As for re-inventing stuff, it's more so go's ecosystem rather than revel's shortcomings although revel does have its own shortcomings if you were to compare it to something like rails and not express.

Revel seems to be somewhere in between rails and express in terms of opinions which is fine but if it's going to make me less productive then I'm simply not going to use it.


> Go really isn't that young either. It's been what at least 4 years now? There's no excuse. It's not like the language is 6 months old.

1.5 if you count from the first stable release. Which IMHO is what matters, before was just a experiment with a lot of uncertainties. It took ruby 9 years to arrive from 1.0 to Rails. They were other times, sure, but still.

I still consider it very young, or at least I don't know of any other younger language with a better ecosystem.

> Revel seems to be somewhere in between rails and express in terms of opinions which is fine but if it's going to make me less productive then I'm simply not going to use it.

Well, everyone has their preferences, certainly in Go there are not many choices so is not for everyone. But I'd keep an eye on it. Things can change very quickly.


I'll believe it when I see it. Almost nothing has changed since I went through my Go adventure which was like 9 months ago I think.

9 months to me is a huge amount of time. I don't want to have to wait years to be super productive. I want to be super productive right now and by using other platforms I can be.

For a new viable web platform to be accepted it needs to really explode in popularity. It has to offer MASSIVE gains.

Look at node, it offers performance and also offers the benefit of using the same language on both ends. That's pretty neat... maybe, but I think you would at least agree with me that node's popularity and growth has been unmatched. Even so, it's still quite far behind rails and I don't think it will catch up.

I'm not some massive rails fan boy either. I only started using it when 4.0 came out because the ease of caching seemed interesting to me and I was looking for an excuse to go from node/express to something more opinionated just to see if it was more productive.


> but I think you would at least agree with me that node's popularity and growth has been unmatched.

Of course I agree. But node is an unique case, since javascript is not exactly new, and had a trillion people using it when node appeared. You can not expect that to happen again any time soon, unless all main browsers start supporting client-side PHP or something crazy like that.

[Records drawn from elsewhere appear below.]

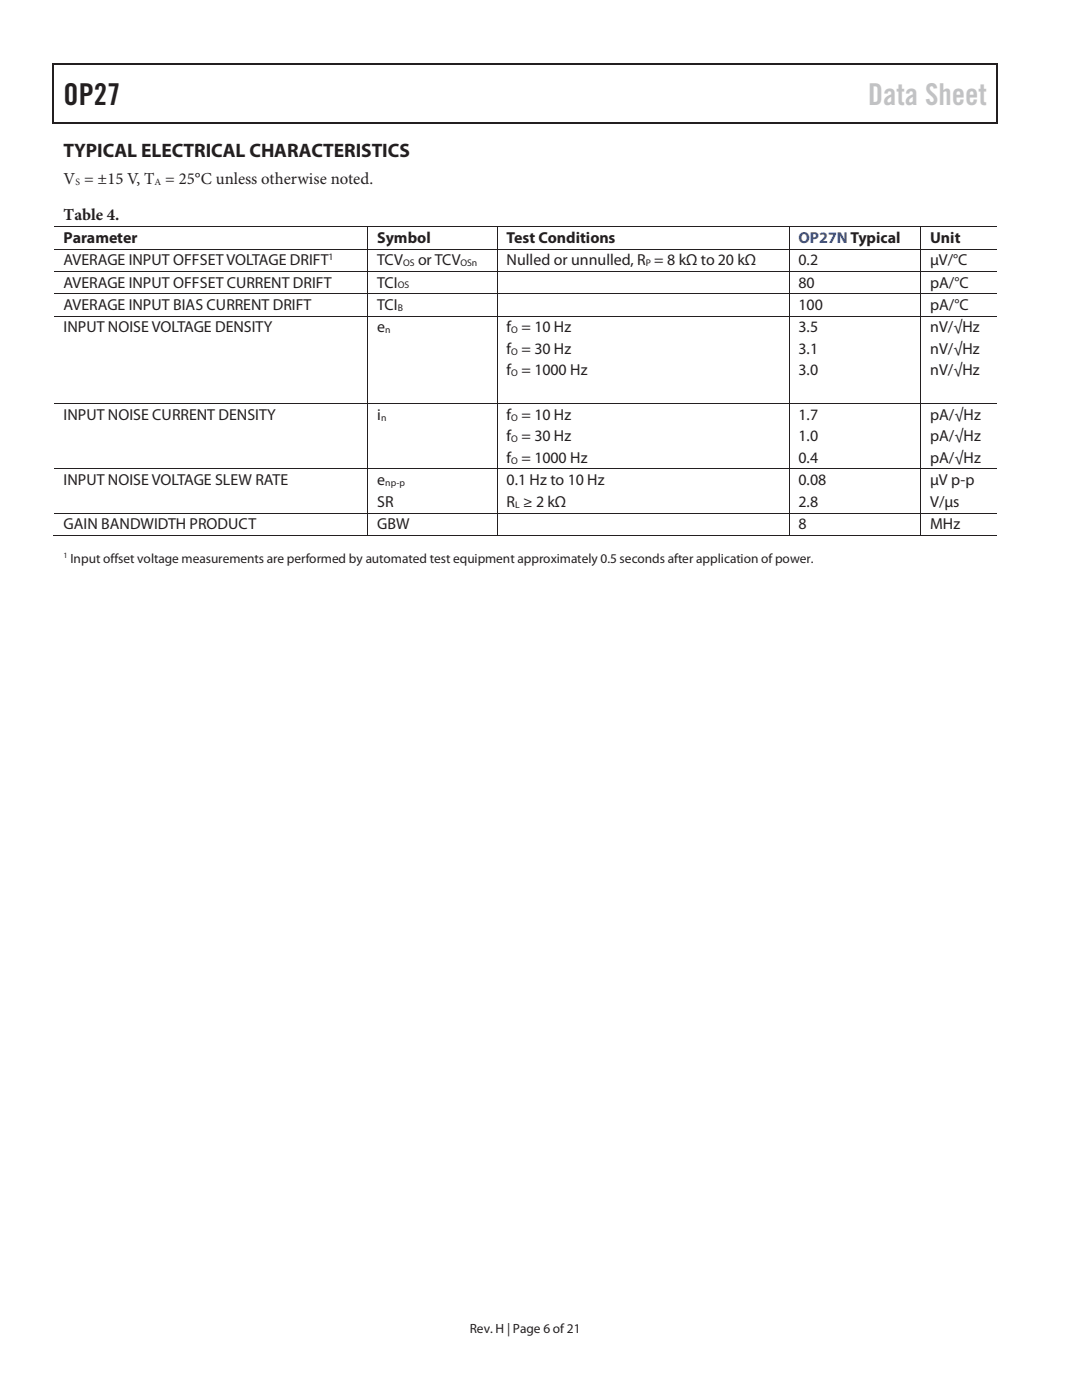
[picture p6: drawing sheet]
<svg xmlns="http://www.w3.org/2000/svg" width="216mm" height="279mm" viewBox="0 0 216 279" stroke-linecap="round" stroke-linejoin="round" font-family="sans-serif">
<defs><g id="words">
<text font-size="6" fill="#231f20" x="12.7" y="20.9">OP27</text>
<text font-size="6" fill="#c1c2c4" x="173.2" y="20.9">Data Sheet</text>
<text font-size="3.9" fill="#231f20" x="12.7" y="31.3">TYPICAL ELECTRICAL CHARACTERISTICS</text>
<g font-size="3.3" fill="#231f20">
<text x="12.7" y="36.8">V = ±15 V, T = 25°C unless otherwise noted.</text>
<text x="12.7" y="43.9">Table 4.</text>
</g>
<g font-size="3.2" fill="#231f20">
<text x="12.7" y="48.4">Parameter</text>
<text x="12.7" y="52.9">AVERAGE INPUT OFFSET VOLTAGE DRIFT</text>
<text x="75.3" y="48.4">Symbol</text>
<text x="75.3" y="52.9">TCV</text>
<text x="83.4" y="52.9">or TCV</text>
<text x="101.1" y="48.4">Test Conditions</text>
<text x="101.1" y="52.9">Nulled or unnulled, R = 8 kΩ to 20 kΩ</text>
<text x="159.3" y="52.9">0.2</text>
<text x="185.6" y="48.4">Unit</text>
<text x="185.6" y="52.9">µV/°C</text>
<text x="12.7" y="57.4">AVERAGE INPUT OFFSET CURRENT DRIFT</text>
<text x="75.3" y="57.4">TCI</text>
<text x="159.3" y="57.4">80</text>
<text x="185.6" y="57.4">pA/°C</text>
<text x="12.7" y="61.9">AVERAGE INPUT BIAS CURRENT DRIFT</text>
<text x="75.3" y="61.9">TCI</text>
<text x="159.3" y="61.9">100</text>
<text x="185.6" y="61.9">pA/°C</text>
<text x="12.7" y="66.3">INPUT NOISE VOLTAGE DENSITY</text>
<text x="75.3" y="66.3">e</text>
<text x="101.1" y="66.3">f = 10 Hz</text>
<text x="101.1" y="70.7">f = 30 Hz</text>
<text x="159.3" y="66.3">3.5</text>
<text x="159.3" y="70.7">3.1</text>
<text x="185.6" y="66.3">nV/√Hz</text>
<text x="185.6" y="70.7">nV/√Hz</text>
<text x="101.1" y="74.9">f = 1000 Hz</text>
<text x="159.3" y="74.9">3.0</text>
<text x="185.6" y="74.9">nV/√Hz</text>
<text x="12.7" y="83.8">INPUT NOISE CURRENT DENSITY</text>
<text x="75.3" y="83.8">i</text>
<text x="101.1" y="83.8">f = 10 Hz</text>
<text x="159.3" y="83.8">1.7</text>
<text x="185.6" y="83.8">pA/√Hz</text>
<text x="101.1" y="88.1">f = 30 Hz</text>
<text x="159.3" y="88.1">1.0</text>
<text x="185.6" y="88.1">pA/√Hz</text>
<text x="101.1" y="92.4">f = 1000 Hz</text>
<text x="159.3" y="92.4">0.4</text>
<text x="185.6" y="92.4">pA/√Hz</text>
<text x="12.7" y="96.8">INPUT NOISE VOLTAGE SLEW RATE</text>
<text x="75.3" y="101.1">SR</text>
<text x="75.3" y="96.8">e</text>
<text x="101.1" y="96.8">0.1 Hz to 10 Hz</text>
<text x="101.1" y="101.1">R ≥ 2 kΩ</text>
<text x="159.3" y="101.1">2.8</text>
<text x="159.3" y="96.8">0.08</text>
<text x="185.6" y="101.1">V/µs</text>
<text x="185.6" y="96.8">µV p-p</text>
<text x="12.7" y="105.7">GAIN BANDWIDTH PRODUCT</text>
<text x="75.3" y="105.7">GBW</text>
<text x="159.3" y="105.7">8</text>
<text x="185.6" y="105.7">MHz</text>
</g>
<text font-size="3.2" fill="#3153a4" x="159.3" y="48.4">OP27NTypical</text>
<g font-size="2.7" fill="#231f20">
<text x="14.1" y="112.3">Input offset voltage measurements are performed by automated test equipment approximately 0.5 seconds after application of power.</text>
<text x="93.7" y="266">Rev. H | Page 6 of 21</text>
</g>
<g font-size="1.9" fill="#231f20">
<text x="15.1" y="37">S</text>
<text x="30.9" y="37">A</text>
<text x="65.6" y="51.9">1</text>
<text x="80.4" y="53.1">OS</text>
<text x="91.9" y="53.1">OSn</text>
<text x="128.9" y="53.1">P</text>
<text x="79.4" y="57.6">OS</text>
<text x="79.4" y="62.1">B</text>
<text x="76.9" y="66.5">n</text>
<text x="102" y="66.5">O</text>
<text x="102" y="70.8">O</text>
<text x="102" y="75.1">O</text>
<text x="76" y="83.9">n</text>
<text x="102" y="83.9">O</text>
<text x="102" y="88.2">O</text>
<text x="102" y="92.5">O</text>
<text x="76.9" y="97">np-p</text>
<text x="102.8" y="101.3">L</text>
</g>
<text font-size="1.6" fill="#231f20" x="12.7" y="111.4">1</text>
</g></defs>
<g fill="#231f20">
<path d="M10.5 12.7h.3v1h-.3z"/>
<path d="M10.5 12.7h.3v.3h-.3z"/>
</g>
<path d="M10.8 12.8h122.5" fill="none" stroke="#231f20" stroke-width=".25"/>
<path d="M133.3 12.7h.3v.3h-.3z" fill="#231f20"/>
<path d="M133.6 12.8h65.2" fill="none" stroke="#231f20" stroke-width=".25"/>
<g fill="#231f20">
<path d="M198.8 12.7h.2v1h-.2z"/>
<path d="M198.8 12.7h.2v.3h-.2z"/>
</g>
<path d="M10.7 13.7v10.7" fill="none" stroke="#231f20" stroke-width=".25"/>
<path d="M10.5 24.4h.3v.2h-.3z" fill="#231f20"/>
<path d="M10.8 24.5h122.5" fill="none" stroke="#231f20" stroke-width=".25"/>
<path d="M133.1 24.4h.2v.2h-.2z" fill="#231f20"/>
<path d="M198.9 13.7v10.7M133.3 24.5h65.5" fill="none" stroke="#231f20" stroke-width=".25"/>
<path d="M198.8 24.4h.2v.2h-.2z" fill="#231f20"/>
<path d="M10.8 45.2h62.5" fill="none" stroke="#231f20" stroke-width=".2"/>
<path d="M73.3 45.1h.1v.2h-.1z" fill="#231f20"/>
<path d="M73.4 45.2h25.7" fill="none" stroke="#231f20" stroke-width=".2"/>
<path d="M99.1 45.1h.2v.2h-.2z" fill="#231f20"/>
<path d="M99.3 45.2h58.1" fill="none" stroke="#231f20" stroke-width=".2"/>
<path d="M157.4 45.1h.1v.2h-.1z" fill="#231f20"/>
<path d="M157.5 45.2h26.1" fill="none" stroke="#231f20" stroke-width=".2"/>
<path d="M183.6 45.1h.2v.2h-.2z" fill="#231f20"/>
<path d="M10.8 49.7h62.5M73.4 45.3v4.3M99.2 45.3v4.3M157.4 45.3v4.3M183.7 45.3v4.3M183.8 45.2h15" fill="none" stroke="#231f20" stroke-width=".2"/>
<path d="M73.3 49.6h.1v.2h-.1z" fill="#231f20"/>
<path d="M73.4 49.7h25.7" fill="none" stroke="#231f20" stroke-width=".2"/>
<path d="M99.1 49.6h.2v.2h-.2z" fill="#231f20"/>
<path d="M99.3 49.7h58.1" fill="none" stroke="#231f20" stroke-width=".2"/>
<path d="M157.4 49.6h.1v.2h-.1z" fill="#231f20"/>
<path d="M157.5 49.7h26.1" fill="none" stroke="#231f20" stroke-width=".2"/>
<path d="M183.6 49.6h.2v.2h-.2z" fill="#231f20"/>
<path d="M10.8 54.2h62.5M73.4 49.8v4.3M99.2 49.8v4.3M157.4 49.8v4.3M183.7 49.8v4.3M183.8 49.7h15" fill="none" stroke="#231f20" stroke-width=".2"/>
<path d="M73.3 54.1h.1v.2h-.1z" fill="#231f20"/>
<path d="M73.4 54.2h25.7" fill="none" stroke="#231f20" stroke-width=".2"/>
<path d="M99.1 54.1h.2v.2h-.2z" fill="#231f20"/>
<path d="M99.3 54.2h58.1" fill="none" stroke="#231f20" stroke-width=".2"/>
<path d="M157.4 54.1h.1v.2h-.1z" fill="#231f20"/>
<path d="M157.5 54.2h26.1" fill="none" stroke="#231f20" stroke-width=".2"/>
<path d="M183.6 54.1h.2v.2h-.2z" fill="#231f20"/>
<path d="M10.8 58.6h62.5M73.4 54.3v4.2M99.2 54.3v4.2M157.4 54.3v4.2M183.7 54.3v4.2M183.8 54.2h15" fill="none" stroke="#231f20" stroke-width=".2"/>
<path d="M73.3 58.5h.1v.2h-.1z" fill="#231f20"/>
<path d="M73.4 58.6h25.7" fill="none" stroke="#231f20" stroke-width=".2"/>
<path d="M99.1 58.5h.2v.2h-.2z" fill="#231f20"/>
<path d="M99.3 58.6h58.1" fill="none" stroke="#231f20" stroke-width=".2"/>
<path d="M157.4 58.5h.1v.2h-.1z" fill="#231f20"/>
<path d="M157.5 58.6h26.1" fill="none" stroke="#231f20" stroke-width=".2"/>
<path d="M183.6 58.5h.2v.2h-.2z" fill="#231f20"/>
<path d="M73.4 58.7v4.3M99.2 58.7v4.3M157.4 58.7v4.3M183.7 58.7v4.3M183.8 58.6h15M10.8 63.1h62.5" fill="none" stroke="#231f20" stroke-width=".2"/>
<path d="M73.3 63h.1v.2h-.1z" fill="#231f20"/>
<path d="M73.4 63.1h25.7" fill="none" stroke="#231f20" stroke-width=".2"/>
<path d="M99.1 63h.2v.2h-.2z" fill="#231f20"/>
<path d="M99.3 63.1h58.1" fill="none" stroke="#231f20" stroke-width=".2"/>
<path d="M157.4 63h.1v.2h-.1z" fill="#231f20"/>
<path d="M157.5 63.1h26.1" fill="none" stroke="#231f20" stroke-width=".2"/>
<path d="M183.6 63h.2v.2h-.2z" fill="#231f20"/>
<path d="M73.4 63.2v17.3M99.2 63.2v17.3M157.4 63.2v17.3M183.7 63.2v17.3M183.8 63.1h15M10.8 80.6h62.5" fill="none" stroke="#231f20" stroke-width=".2"/>
<path d="M73.3 80.5h.1v.1h-.1z" fill="#231f20"/>
<path d="M73.4 80.6h25.7" fill="none" stroke="#231f20" stroke-width=".2"/>
<path d="M99.1 80.5h.2v.1h-.2z" fill="#231f20"/>
<path d="M99.3 80.6h58.1" fill="none" stroke="#231f20" stroke-width=".2"/>
<path d="M157.4 80.5h.1v.1h-.1z" fill="#231f20"/>
<path d="M157.5 80.6h26.1" fill="none" stroke="#231f20" stroke-width=".2"/>
<path d="M183.6 80.5h.2v.1h-.2z" fill="#231f20"/>
<path d="M10.8 93.6h62.5M73.4 80.6v12.9M99.2 80.6v12.9M157.4 80.6v12.9M183.7 80.6v12.9M183.8 80.6h15" fill="none" stroke="#231f20" stroke-width=".2"/>
<path d="M73.3 93.5h.1v.2h-.1z" fill="#231f20"/>
<path d="M73.4 93.6h25.7" fill="none" stroke="#231f20" stroke-width=".2"/>
<path d="M99.1 93.5h.2v.2h-.2z" fill="#231f20"/>
<path d="M99.3 93.6h58.1" fill="none" stroke="#231f20" stroke-width=".2"/>
<path d="M157.4 93.5h.1v.2h-.1z" fill="#231f20"/>
<path d="M157.5 93.6h26.1" fill="none" stroke="#231f20" stroke-width=".2"/>
<path d="M183.6 93.5h.2v.2h-.2z" fill="#231f20"/>
<path d="M73.4 93.7v8.7M99.2 93.7v8.7M157.4 93.7v8.7M183.7 93.7v8.7M183.8 93.6h15M10.8 102.4h62.5" fill="none" stroke="#231f20" stroke-width=".2"/>
<path d="M73.3 102.4h.1v.1h-.1z" fill="#231f20"/>
<path d="M73.4 102.4h25.7" fill="none" stroke="#231f20" stroke-width=".2"/>
<path d="M99.1 102.4h.2v.1h-.2z" fill="#231f20"/>
<path d="M99.3 102.4h58.1" fill="none" stroke="#231f20" stroke-width=".2"/>
<path d="M157.4 102.4h.1v.1h-.1z" fill="#231f20"/>
<path d="M157.5 102.4h26.1" fill="none" stroke="#231f20" stroke-width=".2"/>
<path d="M183.6 102.4h.2v.1h-.2z" fill="#231f20"/>
<path d="M10.5 106.9h62.8M73.4 102.5v4.3M183.8 102.4h15" fill="none" stroke="#231f20" stroke-width=".2"/>
<path d="M73.3 106.8h.1v.2h-.1z" fill="#231f20"/>
<path d="M73.4 106.9h25.7M99.2 102.5v4.3" fill="none" stroke="#231f20" stroke-width=".2"/>
<path d="M99.1 106.8h.2v.2h-.2z" fill="#231f20"/>
<path d="M99.3 106.9h58.1M157.4 102.5v4.3" fill="none" stroke="#231f20" stroke-width=".2"/>
<path d="M157.4 106.8h.1v.2h-.1z" fill="#231f20"/>
<path d="M157.5 106.9h26.1M183.7 102.5v4.3" fill="none" stroke="#231f20" stroke-width=".2"/>
<path d="M183.6 106.8h.2v.2h-.2z" fill="#231f20"/>
<path d="M183.8 106.9h15" fill="none" stroke="#231f20" stroke-width=".2"/>
<use href="#words"/>
</svg>

Go is not 'there' yet, sure, and maybe it'll never be. But its growth can not be judged by node's standards, no really new language could compete then.

For a new language is growing quite good: http://www.google.com/trends/explore?q=golang#q=golang&cmpt=...

Of course this doesn't mean you have to use it, but IMHO it can not be regarded as a failure in anyway.


My point was that even with node's mind boggling growth it still hasn't really overtaken rails when it comes to developer productivity.


I like Go the language; I dislike Go the platform (currently). What's there is great, but there's not enough of it. It's a great 1.0 release: stable, fast, but sparse.

Luckily, Go has a decent head of steam behind it, so when I revisit it in a few years that should be a solved problem ;).